Namun, para makhluk mirip serangga dan para jenius dari alam iblis bahkan lebih terkejut.
Ini adalah pertama kalinya mereka melihat Lu Ze dan para gadis menyerang. Mereka tidak menyangka beberapa negara sistem kosmik akan sekuat ini.
Para jenius dari Alam Iblis merasa bingung. “Siapakah mereka?”
“Saya belum pernah mendengar wilayah timur memiliki anak-anak ajaib seperti ini.”
Wajah mereka tegang. Wilayah timur dekat dengan mereka. Konflik terus-menerus terjadi.
Meskipun mereka untuk sementara waktu berada dalam keadaan damai berkat para insectoid, mereka akan melanjutkan pertempuran setelah keadaan damai itu berakhir.
Keberadaan anak ajaib seperti itu memberi mereka tekanan yang besar.
Mereka bahkan belum mencapai tingkat awan kosmik, dan mereka sudah sekuat ini. Ketika mereka berhasil menembus ke tingkat awan kosmik, seberapa kuatkah mereka nantinya?

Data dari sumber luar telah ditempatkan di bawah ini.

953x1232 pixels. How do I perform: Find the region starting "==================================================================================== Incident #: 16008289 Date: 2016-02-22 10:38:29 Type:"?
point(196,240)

Serangga-serangga dari wujud awan kosmik itu mendesis, dan mereka dengan cepat bergerak menuju Lu Ze dan para gadis.
“Bunuh mereka!”
Lima bentuk awan kosmik level 2 dan dua bentuk serangga awan kosmik level 3 datang.

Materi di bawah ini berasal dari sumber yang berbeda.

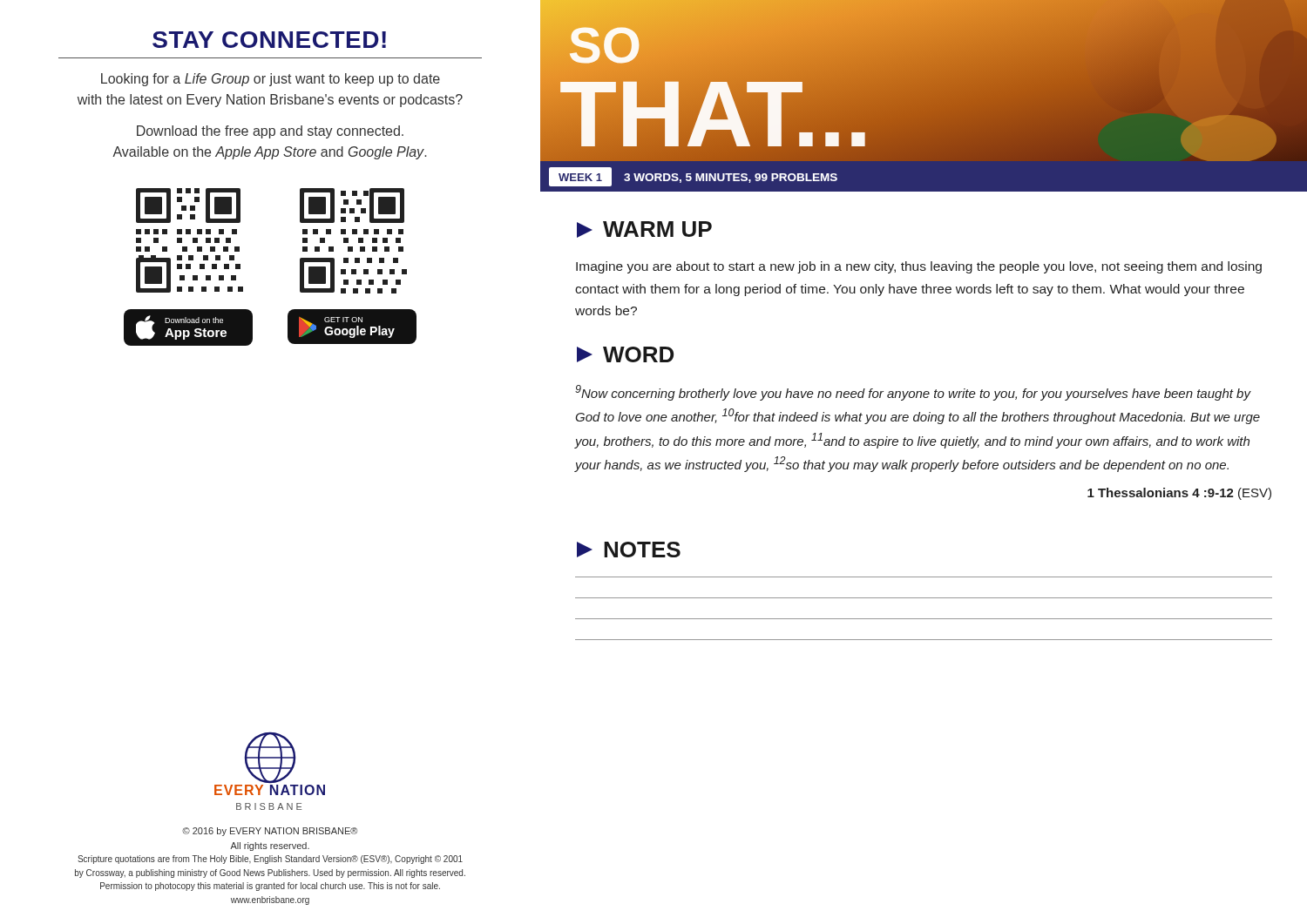Navigate to the text block starting "Download the free app"

point(270,142)

Melihat hal ini, para jenius dari Alam Iblis menikmati malapetaka yang menimpa Lu Ze dan para gadis itu.
Mampukah mereka mengalahkan begitu banyak makhluk mirip serangga?
Lebih baik mati dalam pertempuran sekarang juga.
Para jenius dari Wilayah Timur ingin membantu, tetapi jumlah makhluk serangga lebih banyak daripada mereka. Mereka tidak bisa membebaskan diri untuk membantu.
Ekspresi Fred dan keempat petarung itu berubah.
Mirium sedang bertarung melawan insectoid tingkat 3 puncak awan kosmik. Keduanya memiliki kekuatan yang seimbang.
Melihat ini, dia menggertakkan giginya, lalu cahaya keemasan menyambar punggungnya. Enam pedang tanpa gagang melesat keluar dan melayang di belakangnya seperti sayap.
“Hai!” teriaknya, dan sebuah rune emas berputar. Keenam pedang itu melesat ke arah salah satu serangga tingkat 3 dalam wujud awan kosmik yang sedang menyerang Lu Ze.
‘Jeritan…’
Makhluk mirip serangga itu menghindar, tetapi tetap saja melukai seseorang hingga berdarah. Ia menatap salah satu anggota tubuhnya yang terputus dan meraung.
“Kau sama saja mencari kematian!”
Pada saat ini, keenam pedang itu terbang kembali dan terus menyerang serangga tingkat 3 dalam wujud awan kosmik di depannya.
Makhluk mirip serangga itu hanya bisa terus menghindar.
Lawannya Mirium menerjang ke arahnya. Ekornya yang tajam terus menyerangnya.
Mirium terpaksa mundur.
Fred juga berkonflik dengan lawannya dan menarik serangga lain yang menyerang Lu Ze ke dalam pertempurannya.